Hi Coveny - I really liked your story. Sorry:blushed: I'm not much of a criticer - hope I spelled that right lol.


----------



## Coveny (Dec 28, 2009)

Thanks! 

Some of the things people who've read it have said are:
It's busy. (He wouldn't explain exactly what that ment though, but he seemed to feel it very strongly.)
Another said it was "solid", but he felt glass of milk should be goblet of milk. 
Yet another really liked it(and told me I should see about publishing it), but she said she thought gel like might should have a hyphen. (gel-like)
At least 3 people didn't seem to know how to react to it. Upon pressing them, the best I got was it was interesting.

I guess no bad news = good news? hehe


----------



## Lilsnowy (Sep 9, 2009)

Coveny, this is very creative. I have some observations and questions and warning, ENFP external thinking here; lots of words! :') I'm a little confused as to whether the fairy is reading the man and woman correctly, or if he just doesn't understand the natural things humans do, like the lustful looks (predatory) between husband and wife, or how sex can seem violent (passionate/wrestling/noisy). 
Are the baby's cries actually inhuman because it's another creature, or is it just that a human baby's cries are ear- piercing to a fairy? Do the man and woman hear that the cries are inhuman? Nursing the baby seems like a regular response to babies cries which makes me think it's nothing unusual to them, which makes me think the fairy is misreading the situation.
Did the fairy actually save the woman's life or was she just pretending to fight off her husband during sex? 
Consider adding details to elaborate on the signs the woman is about to lose her life so we can see it too.
I think this could go a different way, how a small fairy misreads humans natural habits and tries to save them. 
Why is the child banshee with the humans? Is his father Boglamore looking for his child too or did Boglamore hide him with the humans? Where is the real baby hidden? 
I love how the baby's eyes follow the fairy's when he goes to the crib and the fairy's craving for milk. Also how he measures the woman to be normal human height and somewhat plump; very nice description.


----------



## Coveny (Dec 28, 2009)

Thanks Lilsnowy! My girlfriend also indicated that I left many "loose ends" in the story. My belief was that I couldn't explain every action/motive in a short story. Several things are hinted at, but I don't go into deepth about them because I didn't have room. I think I'm going to write a few more short stories from different points of view to explain why the various characters acted the way they did. This would mean a story for the human woman, human man, Fairy, and Banshee. What one's motives would you be most interested in understanding? 

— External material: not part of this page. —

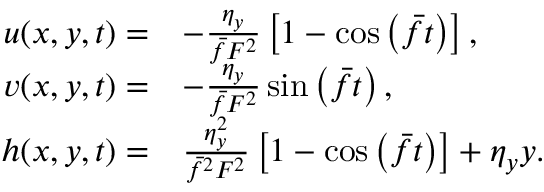<formula> <loc_0><loc_0><loc_500><loc_500>\begin{array} { r l } { u ( x , y , t ) = } & { - \frac { \eta _ { y } } { \bar { f } F ^ { 2 } } \left [ 1 - \cos \left ( \bar { f } t \right ) \right ] , } \\ { v ( x , y , t ) = } & { - \frac { \eta _ { y } } { \bar { f } F ^ { 2 } } \sin \left ( \bar { f } t \right ) , } \\ { h ( x , y , t ) = } & { \frac { \eta _ { y } ^ { 2 } } { \bar { f } ^ { 2 } F ^ { 2 } } \left [ 1 - \cos \left ( \bar { f } t \right ) \right ] + \eta _ { y } y . } \end{array}</formula>

The *Irish myth of Banshee* is that they are a creature created by the loss of someone important in their life. In my story their wail or keen is magical and deadly to all who are within range. (this is the standard mythos as I'm familiar with it)


----------



## Lilsnowy (Sep 9, 2009)

Coveny, I love the idea of showing the different points of view! You could do a book like that. Each chapter unfolding from each character's eyes. It *is *hard to give details in short stories, but I think in this one, because you're describing such a different world, the details are an important element for the reader to appreciate exactly what's happening.

I'd be interested in Boglamore, his redeemable parts as well as his evil. Is he evil? Or is he just a banshee who can't help killing fairies when he screams? But also, the fairy character would be equally interesting. What is his world like? The cup of milk is a good example: is it a human cup or a fairy-sized cup, (or goblet?) Does he go for a swim in warm, fresh milk or does he light on the edge of the cup and use his hands to draw it to his mouth? How big is he, exactly? Be interesting to see what you come up with! I say develop them all!


----------



## Coveny (Dec 28, 2009)

The banshee is actually a female. The *lore* is that the reason the fay replaced human children with changelings is because fairy mothers don't produce milk. So for her child to survive Boglamore must let someone else raise her. 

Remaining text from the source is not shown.